There are few events in an industry as storied as the automotive one which could potentially have the same long lasting effect as a buyout or merger. One of those events happened yesterday, as Cerberus (named after the three headed dog which guards hell in Greek mythology) purchased the Chrysler Group from Daimler.
Employees are concerned about their jobs, unions are concerned about plants staying open and upcoming negotiations and the almost certain management requests for concessions. Management has to deal with what is considered a largely irrelevant line-up of cars (save the mini-vans, 300C and Jeep ) and the need to make Chrysler profitable as soon as possible, if not sooner.
While this sale won’t change Chrysler ’s product line-up, it will fundamentally change Detroit and the auto industry.
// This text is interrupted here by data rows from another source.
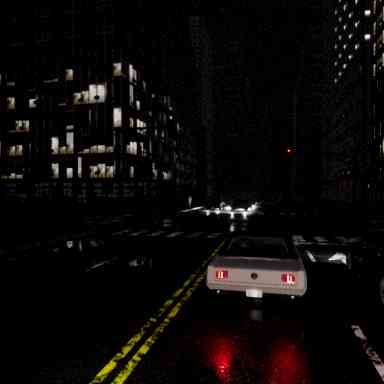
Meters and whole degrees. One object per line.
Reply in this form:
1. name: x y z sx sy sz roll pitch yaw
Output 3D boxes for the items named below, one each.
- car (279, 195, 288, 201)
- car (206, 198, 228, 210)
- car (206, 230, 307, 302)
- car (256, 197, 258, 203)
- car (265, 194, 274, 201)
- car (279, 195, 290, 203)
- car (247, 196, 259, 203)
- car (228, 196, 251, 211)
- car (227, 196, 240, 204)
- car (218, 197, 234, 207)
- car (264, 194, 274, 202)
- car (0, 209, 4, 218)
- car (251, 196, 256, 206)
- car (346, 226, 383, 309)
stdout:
1. car: 21.874 1.355 79.809 1.895 1.301 4.718 0 0 13
2. car: 3.125 1.524 43.174 2.033 1.411 5.357 0 0 13
3. car: 1.702 1.597 8.344 1.895 1.301 4.718 0 0 14
4. car: 10.352 1.559 59.539 1.895 1.301 4.718 0 0 14
5. car: 18.703 1.286 80.525 2.128 1.511 4.902 0 0 13
6. car: 19.480 1.474 69.640 2.033 1.411 5.357 0 0 13
7. car: 12.823 1.485 69.733 2.033 1.411 5.357 0 0 13
8. car: 5.893 1.503 40.731 1.812 1.442 4.674 0 0 13
9. car: 7.886 1.460 63.169 1.837 1.490 4.892 0 0 14
10. car: 5.454 1.567 53.040 1.895 1.301 4.718 0 0 13
11. car: 16.418 1.530 70.821 1.895 1.301 4.718 0 0 13
12. car: -17.326 1.435 26.672 4.313 1.339 1.947 1 1 14
13. car: 8.014 1.460 49.733 2.128 1.511 4.902 0 0 13
14. car: 4.832 1.501 7.441 1.837 1.490 4.892 0 0 13

Private equity firms such as Cerberus pick up distressed firms for cheap and are notorious for demanding quick returns on their investments. They will want Chrysler to be profitable tomorrow and as the spiritual successors to the corporate raiders of the 1980′s, they will do anything to minimize their losses and maximize their profits.
Since lead times in the automotive industry are so long (it can take more than 5 years to move a car from design boards, through engineering, through the bean counters, and into production) instant increases in revenue from new products which would cover Chrysler’s losses aren’t likely. The other side of the coin are the company’s expenses which you can bet Cerberus is looking very closely at.
Where would Cerberus look to cut costs?
The Unions: The biggest ticket items at Chrysler, wages and benefits given to employees and retirees will be the hardest to cut. The UAW and CAW have both been resistant to concessions, however they did give just that to GM and Ford in 2005 and 2006 with respect to employee health care coverage and the employee buyouts.
Research and Development
Each of the automakers spends billions of dollars a year on research and development. Cuts here would save the automaker tons of money but would significantly compromise Chrysler’s ability to compete in the future. Without R&D expenditures the company won’t be able to develop new more fuel efficient engines, reduce vehicle weight with new materials, invest in hybrids and diesel powertrains, or in interior materials and components.
Advertising
Again, Chrysler like all other automakers spends a tremendous amount every year on advertising and should continue to do so lest sales suffer and the brand basically disappears from the American collective conscience. Cuts here would be extremely detrimental over the short term to Chrysler.
The effects of such cost cutting would cascade industry wide. If Chrysler manages to receive concessions from the UAW/CAW expect General Motors and Ford to demand reciprocal relief from their contracts. Thus, any cost structure advantage gained by Chrysler from union concessions would be short lived. Cuts by Chrysler in R&D and advertising would be an advantage that GM and Ford would instantly try to exploit in an effort to win over Chrysler’s customers.
If cost cuts from those three areas, combined with a refreshed 300 and new minivans don’t make the automaker very profitable, its will be lights out for Chrysler. Cerberus will start to break up Chrysler Corporation selling off its most profitable divisions and leaving the rest to die. Expect GM, Ford and possible other investors to battle over Chrysler’s most prized possession, Jeep .
Barring Chrysler developing this generation’s K-Car or something as significant as the minivan; this week we probably witnessed the end of Chrysler as we know it and the first of its steps towards irrelevancy and its eventual disappearance. As the company continues to shrink, it will no longer be able to fund the R&D it needs to keep up with the competition and it will no longer be able to afford the advertising needed to maintain its market share. It will no longer be able to compete in every segment of the market.
In life there are two sure things; death and taxes. In the corporate world there is one sure thing; no company ever achieved long term success by shrinking itself down to profitability.